» **YOUR GOAL**
Using the records below, transcribe word for word the stretch from the line that contains "7) rack frame <box>325,277,600,705</box>" through the line that contains "Format example (made", both end lines included, and nothing else.

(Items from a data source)
● ● ● ● ●

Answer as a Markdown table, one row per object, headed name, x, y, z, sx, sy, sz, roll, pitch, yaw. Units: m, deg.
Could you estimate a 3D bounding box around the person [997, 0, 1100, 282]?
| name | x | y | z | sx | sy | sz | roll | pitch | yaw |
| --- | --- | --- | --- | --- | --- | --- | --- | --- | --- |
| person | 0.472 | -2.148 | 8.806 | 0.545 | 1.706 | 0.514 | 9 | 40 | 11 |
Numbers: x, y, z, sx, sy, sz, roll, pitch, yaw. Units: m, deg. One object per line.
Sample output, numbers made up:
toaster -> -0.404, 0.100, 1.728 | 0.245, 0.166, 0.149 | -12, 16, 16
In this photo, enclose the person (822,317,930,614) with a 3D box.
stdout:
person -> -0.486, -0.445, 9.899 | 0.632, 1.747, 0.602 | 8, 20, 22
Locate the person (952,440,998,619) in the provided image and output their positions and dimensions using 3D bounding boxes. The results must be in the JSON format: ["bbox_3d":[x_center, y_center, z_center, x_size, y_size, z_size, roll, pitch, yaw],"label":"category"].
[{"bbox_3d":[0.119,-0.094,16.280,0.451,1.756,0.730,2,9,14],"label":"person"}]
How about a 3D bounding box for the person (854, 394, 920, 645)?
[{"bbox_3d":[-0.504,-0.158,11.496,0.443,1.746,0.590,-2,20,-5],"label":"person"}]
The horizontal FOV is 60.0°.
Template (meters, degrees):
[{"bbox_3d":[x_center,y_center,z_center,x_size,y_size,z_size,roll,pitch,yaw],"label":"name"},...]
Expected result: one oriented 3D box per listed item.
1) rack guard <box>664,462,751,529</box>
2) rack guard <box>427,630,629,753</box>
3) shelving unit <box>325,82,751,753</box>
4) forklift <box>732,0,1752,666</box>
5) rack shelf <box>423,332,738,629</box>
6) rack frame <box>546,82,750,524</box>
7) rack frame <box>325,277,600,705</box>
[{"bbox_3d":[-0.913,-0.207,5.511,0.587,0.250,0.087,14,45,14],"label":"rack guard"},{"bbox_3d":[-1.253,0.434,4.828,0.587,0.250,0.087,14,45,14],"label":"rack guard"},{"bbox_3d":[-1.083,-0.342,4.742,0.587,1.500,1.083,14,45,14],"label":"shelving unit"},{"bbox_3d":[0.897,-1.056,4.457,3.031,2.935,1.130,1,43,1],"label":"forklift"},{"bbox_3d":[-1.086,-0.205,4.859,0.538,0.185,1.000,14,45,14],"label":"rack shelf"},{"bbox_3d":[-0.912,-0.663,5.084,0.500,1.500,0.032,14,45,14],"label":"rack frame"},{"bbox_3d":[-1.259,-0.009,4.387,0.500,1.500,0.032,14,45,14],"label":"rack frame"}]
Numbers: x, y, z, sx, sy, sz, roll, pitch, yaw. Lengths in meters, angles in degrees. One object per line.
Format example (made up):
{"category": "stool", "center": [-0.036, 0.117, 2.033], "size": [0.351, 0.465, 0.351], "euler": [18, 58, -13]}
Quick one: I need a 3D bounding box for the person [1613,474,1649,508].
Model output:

● ● ● ● ●

» **ANSWER FOR THE TASK**
7) rack frame <box>325,277,600,705</box>
[{"bbox_3d":[-0.913,-0.207,5.511,0.587,0.250,0.087,14,45,14],"label":"rack guard"},{"bbox_3d":[-1.253,0.434,4.828,0.587,0.250,0.087,14,45,14],"label":"rack guard"},{"bbox_3d":[-1.083,-0.342,4.742,0.587,1.500,1.083,14,45,14],"label":"shelving unit"},{"bbox_3d":[0.897,-1.056,4.457,3.031,2.935,1.130,1,43,1],"label":"forklift"},{"bbox_3d":[-1.086,-0.205,4.859,0.538,0.185,1.000,14,45,14],"label":"rack shelf"},{"bbox_3d":[-0.912,-0.663,5.084,0.500,1.500,0.032,14,45,14],"label":"rack frame"},{"bbox_3d":[-1.259,-0.009,4.387,0.500,1.500,0.032,14,45,14],"label":"rack frame"}]
Numbers: x, y, z, sx, sy, sz, roll, pitch, yaw. Lengths in meters, angles in degrees. One object per line.
Format example (made up):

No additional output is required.